Personally I will wash only once as I am scared of cold water 🙂 . It will be easier to take a few sets of clean socks and t-shirts than wash them, but you can wash them. We’ll carry a couple of laundry soap bars for you to use which are fine for cleaning clothes. Drying may be a problem in some places is the sun sets behind a mountain ridge for instance, but then you can dry them out in the sun the following day.


12 Can I buy peanut butter in Kathmandu?

You can buy pretty much everything in Kathmandu – even French cheeses. Something might not be the brand of taste you are familiar with, but generally there is no issue with finding what you need.

Special imports can be more expensive however. If you have a dependency on some luxury food item, perhaps better to bring a small supply.

Hi-factor sunscreen you should bring from home, just to be sure. Chocolate also.


13 Power and battery recharging

There is no power in four of the places where we stay. In Samdo, they switch on the hydro-plant at 5pm. Hopefully most cameras or GPSs will need just a couple of charges.

Bring a charged spare battery if you can.

Dim the screen brightness on your camera, this will increase battery life.

Micro-hydro plants can break down or freeze. Don’t be disappointed if there is a problem with the electricity. It’s a normal occurrence for the lights to go out in Nepal.


14 Do I need a first aid kit?

Yes. You need to carry a small first aid kit with you to manage blisters, cuts and bruises etc. The race doctor recommends this  Lifesystems Adventurer First Aid Kit – Red which is ‘bulky’ but not at all heavy. Feel free to make and bring your own. See equipment list for more details.


15 Do I need diamox?

We can discuss use of diamox at the race briefing. Many people use it prophylactically to improve acclimatisation though it can have some minor sideeffects. It is freely available to buy in Kathmandu and cheap. We’ll also carry a good supply of diamox in our medical kit.

Dr Beth McElroy has provided this following info sheet for you.

Diamox information sheet 2014


16 What are the temperatures we can expect from day to day?

There is a big variation from the first day to the pass. We are expecting stable, sunny conditions though that cannot be guaranteed of course.

The first days can be hot and shorts and t-shirt will be suitable. From Samdo, depending if there is wind or cloud, people might choose to wear running tights and add a thin fleece. A hat against the sun, buff, and sunglasses advised.

After stopping running it can quickly feel cold so this is why you must carry warm clothing – warm hat, down jackets and pants.

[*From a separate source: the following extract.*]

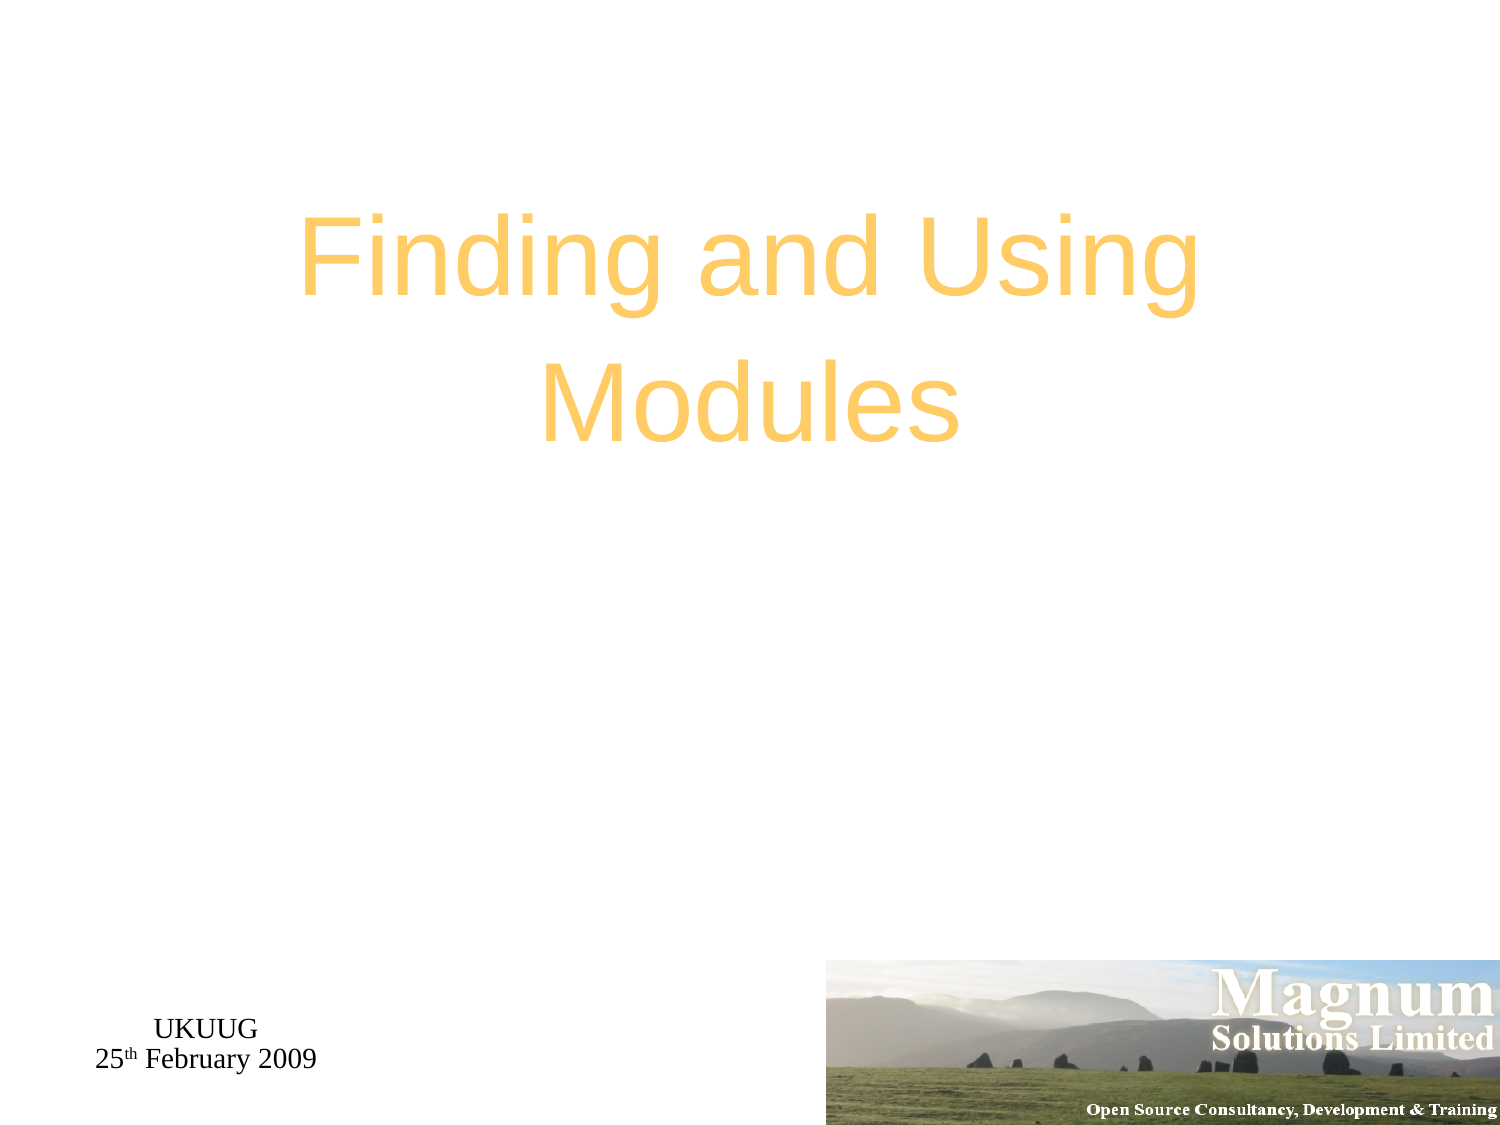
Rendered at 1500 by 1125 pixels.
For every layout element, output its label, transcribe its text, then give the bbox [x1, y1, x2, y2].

title Finding and Using Modules [112, 138, 1388, 473]
picture [826, 960, 1500, 1125]

17 Any hot showers available?

Generally the places we stay don’t have hot showers as standard and will point you to the local public tap and give you a bucket. However most lodge owner’s can give you a bucket of hot water and will charge you some money for it. The higher we get, the more it will be. It may not be possible before mealtimes as the kitchen will be busy.

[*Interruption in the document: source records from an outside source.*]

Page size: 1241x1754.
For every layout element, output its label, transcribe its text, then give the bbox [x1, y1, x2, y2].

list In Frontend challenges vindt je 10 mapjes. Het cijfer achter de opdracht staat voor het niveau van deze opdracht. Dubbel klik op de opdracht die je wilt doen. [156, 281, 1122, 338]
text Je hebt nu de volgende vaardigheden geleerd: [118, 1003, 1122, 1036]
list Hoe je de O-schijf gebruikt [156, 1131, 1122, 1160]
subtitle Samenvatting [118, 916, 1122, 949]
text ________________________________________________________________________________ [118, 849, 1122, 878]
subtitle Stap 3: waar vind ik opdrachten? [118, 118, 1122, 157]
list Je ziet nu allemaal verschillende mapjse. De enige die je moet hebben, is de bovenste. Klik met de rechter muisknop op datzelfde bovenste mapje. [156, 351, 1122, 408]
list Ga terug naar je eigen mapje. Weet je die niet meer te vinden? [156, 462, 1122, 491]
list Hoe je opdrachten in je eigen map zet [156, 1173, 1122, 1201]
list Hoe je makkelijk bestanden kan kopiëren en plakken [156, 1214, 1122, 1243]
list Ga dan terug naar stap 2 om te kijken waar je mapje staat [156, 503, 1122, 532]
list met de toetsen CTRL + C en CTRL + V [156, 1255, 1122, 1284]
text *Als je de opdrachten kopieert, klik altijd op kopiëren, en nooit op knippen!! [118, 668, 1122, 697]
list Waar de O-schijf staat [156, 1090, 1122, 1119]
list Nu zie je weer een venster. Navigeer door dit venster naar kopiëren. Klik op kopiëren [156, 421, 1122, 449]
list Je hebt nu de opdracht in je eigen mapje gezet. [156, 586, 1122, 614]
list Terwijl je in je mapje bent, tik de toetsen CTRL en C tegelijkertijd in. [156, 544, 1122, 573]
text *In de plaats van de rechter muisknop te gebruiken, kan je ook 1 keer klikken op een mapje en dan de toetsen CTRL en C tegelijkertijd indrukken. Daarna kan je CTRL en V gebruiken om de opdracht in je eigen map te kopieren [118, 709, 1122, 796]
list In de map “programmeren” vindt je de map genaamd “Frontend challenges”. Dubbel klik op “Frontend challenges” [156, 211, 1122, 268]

18 Do I need to bring dehydrated food?

You could bring a few dehydrate meals if you want to and we can provide hot water to make them. You may just want a familiar taste at some point. You can manage perfectly well without also.


19 Vaccinations for Nepal?

Yes, you should have vaccinations for Nepal. We’ll be ensuring all of the water you drink is clean and that we all follow a rigorous clean hand policy which will hugely reduce the risk of getting ill.

I’ve had typhoid which is deeply unpleasant, and don’t fancy tetanus or hepatitis much either. We’ll have two doctors with us so any treatments you will receive will also be quick, clean and professional.